## Activity
All of the data that follows is to be printed exactly, without pictures.

## Records
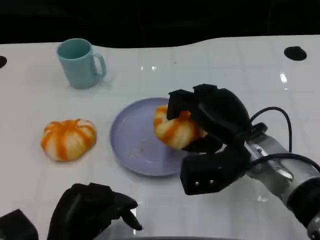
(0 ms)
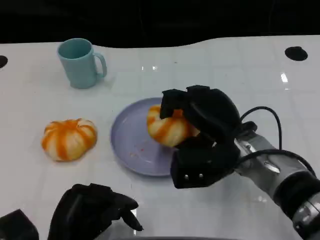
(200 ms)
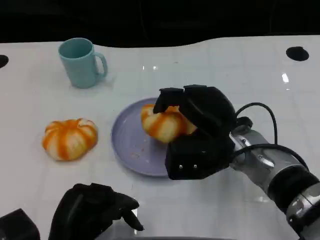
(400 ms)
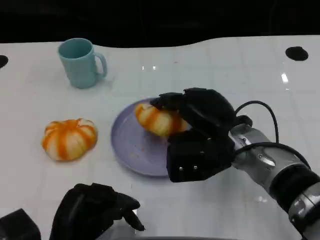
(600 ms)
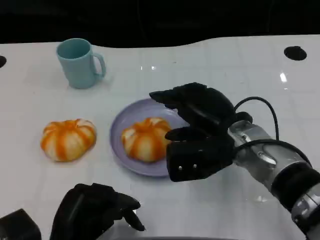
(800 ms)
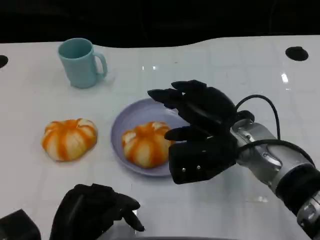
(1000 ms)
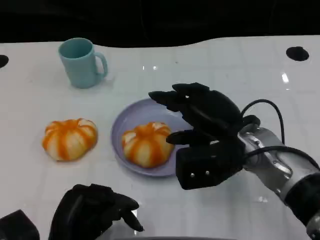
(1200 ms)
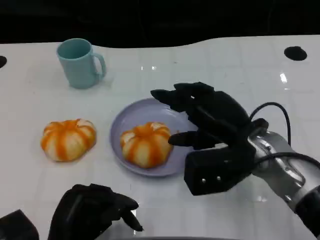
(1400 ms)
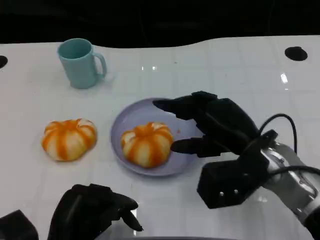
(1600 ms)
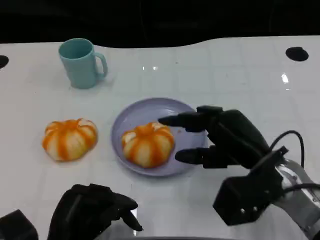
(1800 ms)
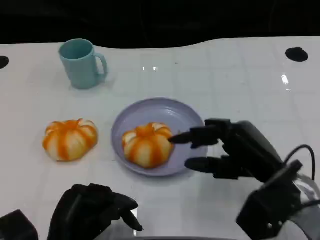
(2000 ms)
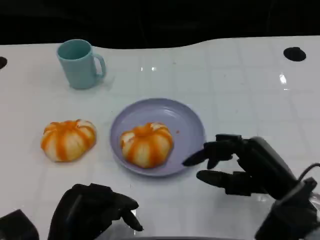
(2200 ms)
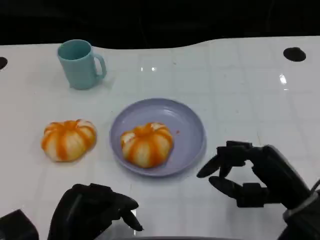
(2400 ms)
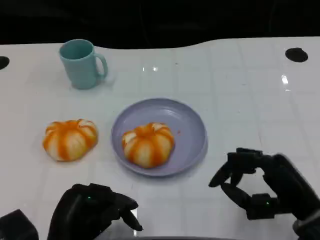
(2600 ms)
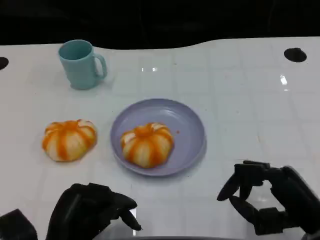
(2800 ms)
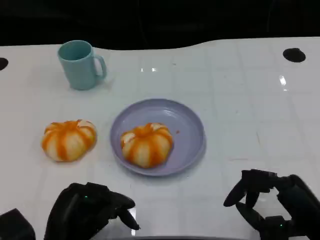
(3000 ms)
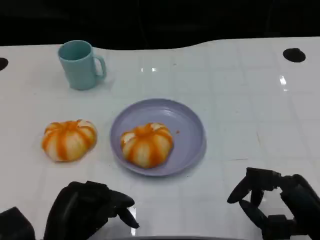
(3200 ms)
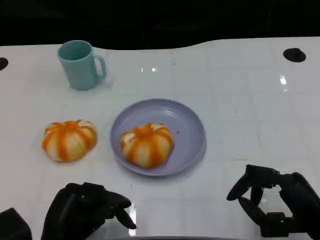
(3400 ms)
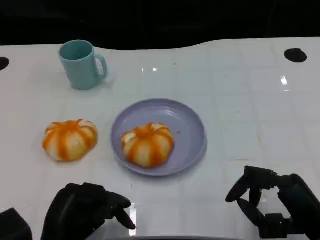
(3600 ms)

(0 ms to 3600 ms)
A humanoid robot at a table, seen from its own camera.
Task of the whole recording: Grasp the bread from the table and place it into the plate.
0 ms - 1800 ms: The right hand changes place by roughly 5 cm.
1800 ms - 3600 ms: The right hand moves backward and to the right, about 10 cm.

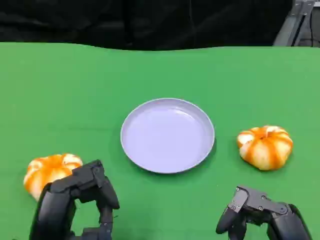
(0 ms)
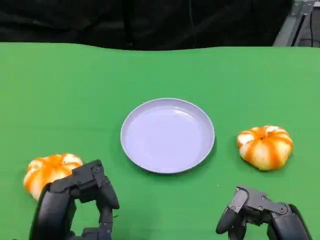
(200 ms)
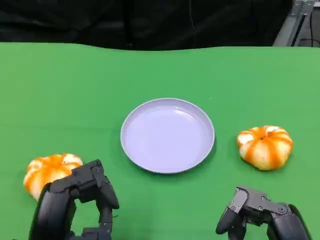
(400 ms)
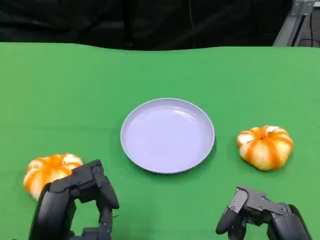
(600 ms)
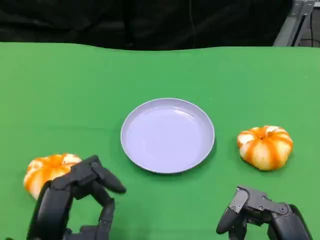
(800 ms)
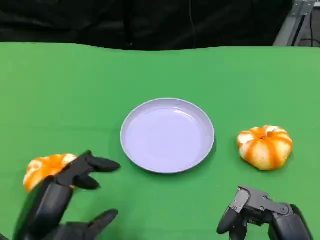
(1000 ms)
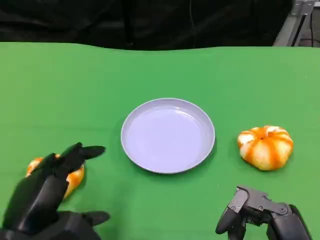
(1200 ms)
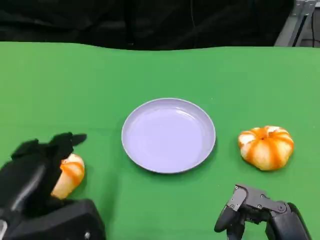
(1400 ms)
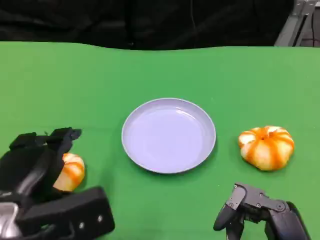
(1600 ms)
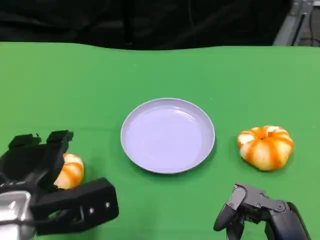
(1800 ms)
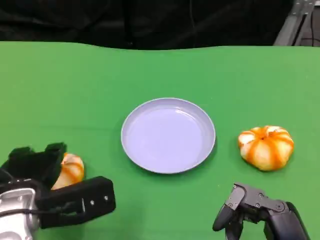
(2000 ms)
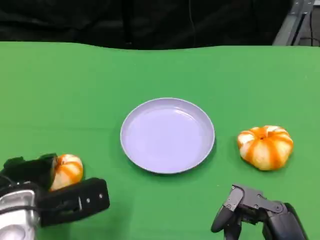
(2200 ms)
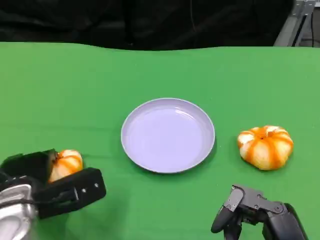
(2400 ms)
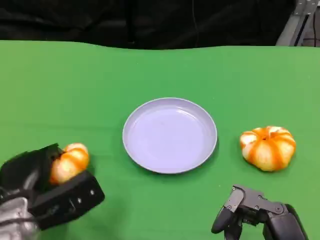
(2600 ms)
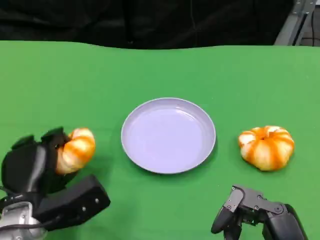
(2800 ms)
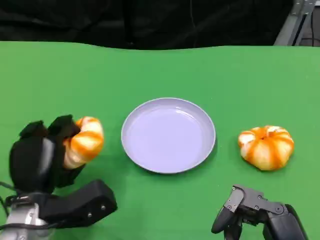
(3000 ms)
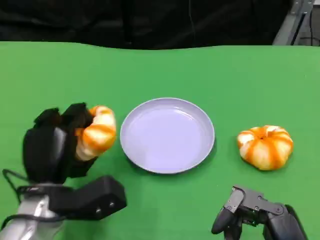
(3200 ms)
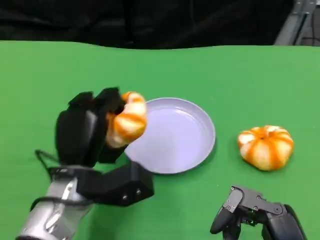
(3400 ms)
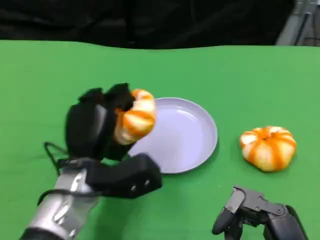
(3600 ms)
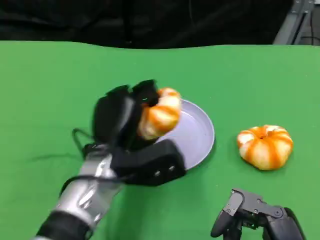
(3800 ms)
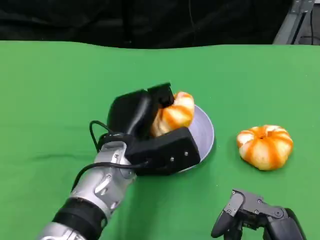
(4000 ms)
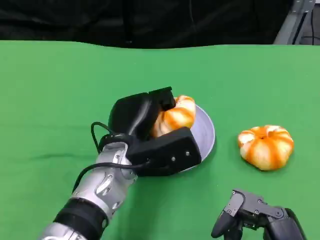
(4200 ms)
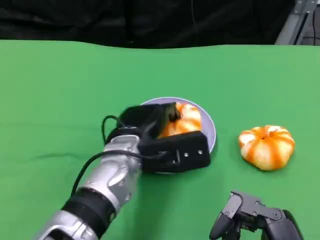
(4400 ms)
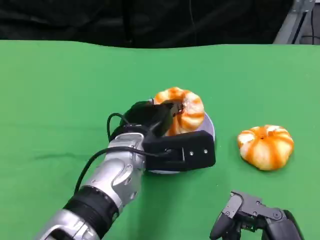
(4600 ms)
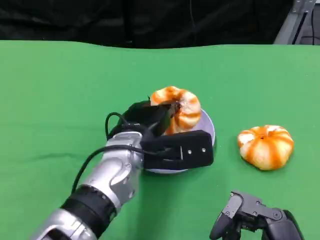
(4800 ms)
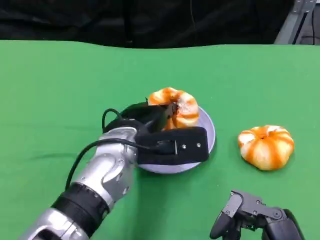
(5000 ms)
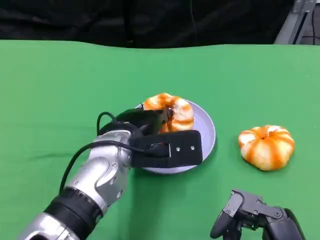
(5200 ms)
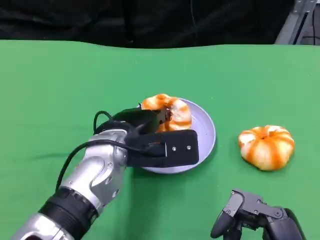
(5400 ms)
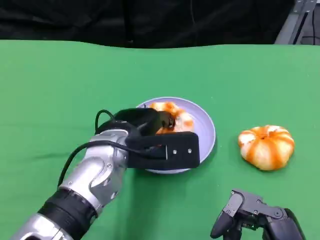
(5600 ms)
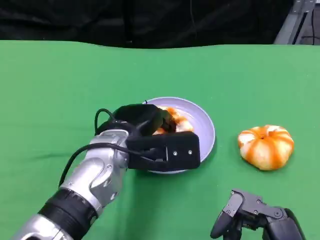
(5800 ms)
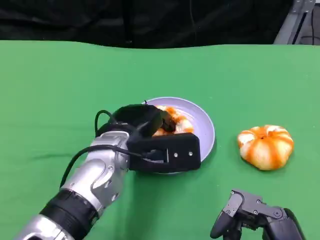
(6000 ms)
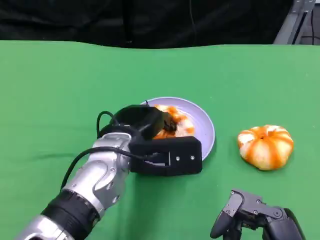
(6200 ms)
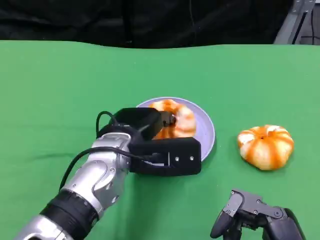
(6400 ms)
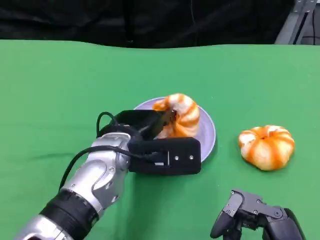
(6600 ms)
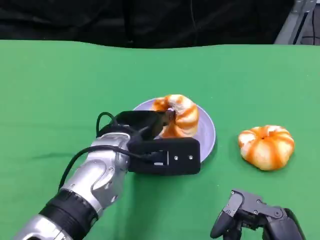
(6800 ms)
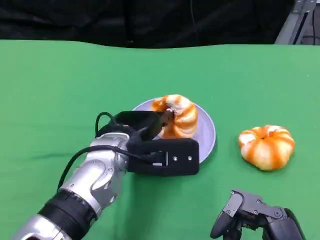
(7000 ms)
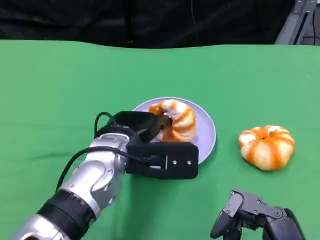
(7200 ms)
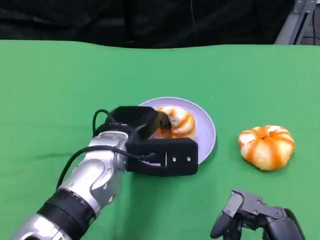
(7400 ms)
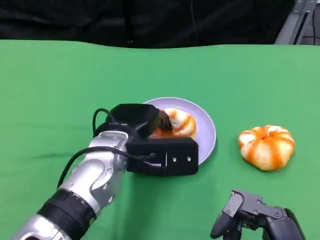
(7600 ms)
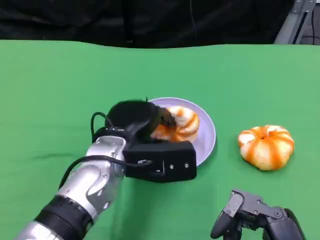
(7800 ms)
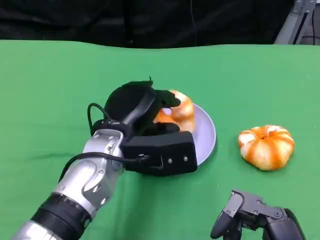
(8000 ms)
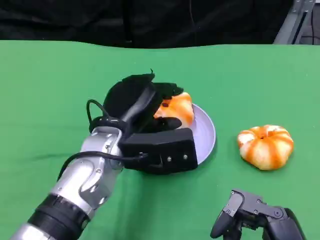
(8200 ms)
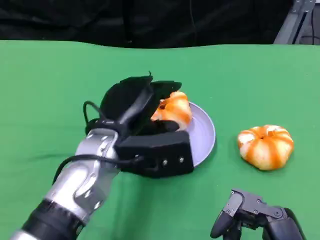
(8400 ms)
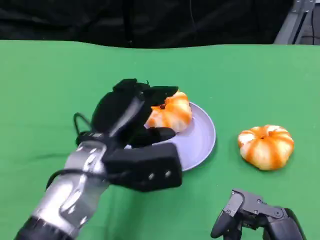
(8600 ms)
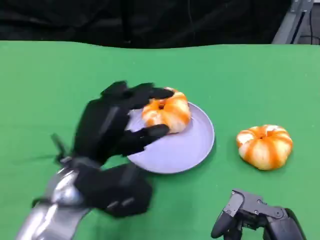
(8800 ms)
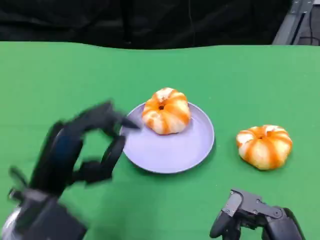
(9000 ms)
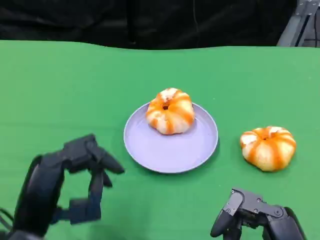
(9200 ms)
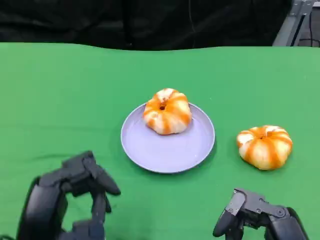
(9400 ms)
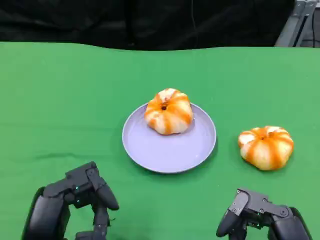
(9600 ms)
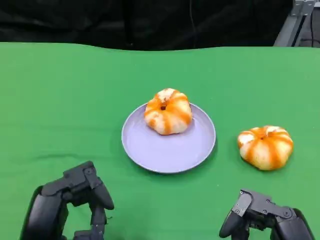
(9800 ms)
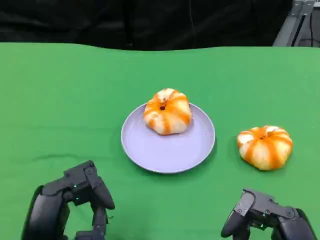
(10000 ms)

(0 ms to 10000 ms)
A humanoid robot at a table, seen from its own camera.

## Answer to this task
(0 ms)
(200 ms)
(400 ms)
(600 ms)
(800 ms)
(1000 ms)
(1200 ms)
(1400 ms)
(1600 ms)
(1800 ms)
(2000 ms)
(2200 ms)
(2400 ms)
(2600 ms)
(2800 ms)
(3000 ms)
(3200 ms)
(3400 ms)
(3600 ms)

(0 ms to 3600 ms)
A humanoid robot at a table, seen from its own camera.
Task of the whole recording: Grasp the bread from the table and place it into the plate.
0 ms - 1800 ms: The right hand changes place by roughly 5 cm.
1800 ms - 3600 ms: The right hand moves backward and to the right, about 10 cm.

(0 ms)
(200 ms)
(400 ms)
(600 ms)
(800 ms)
(1000 ms)
(1200 ms)
(1400 ms)
(1600 ms)
(1800 ms)
(2000 ms)
(2200 ms)
(2400 ms)
(2600 ms)
(2800 ms)
(3000 ms)
(3200 ms)
(3400 ms)
(3600 ms)
(3800 ms)
(4000 ms)
(4200 ms)
(4400 ms)
(4600 ms)
(4800 ms)
(5000 ms)
(5200 ms)
(5400 ms)
(5600 ms)
(5800 ms)
(6000 ms)
(6200 ms)
(6400 ms)
(6600 ms)
(6800 ms)
(7000 ms)
(7200 ms)
(7400 ms)
(7600 ms)
(7800 ms)
(8000 ms)
(8200 ms)
(8400 ms)
(8600 ms)
(8800 ms)
(9000 ms)
(9200 ms)
(9400 ms)
(9600 ms)
(9800 ms)
(10000 ms)

(0 ms to 10000 ms)
A humanoid robot at a table, seen from its own camera.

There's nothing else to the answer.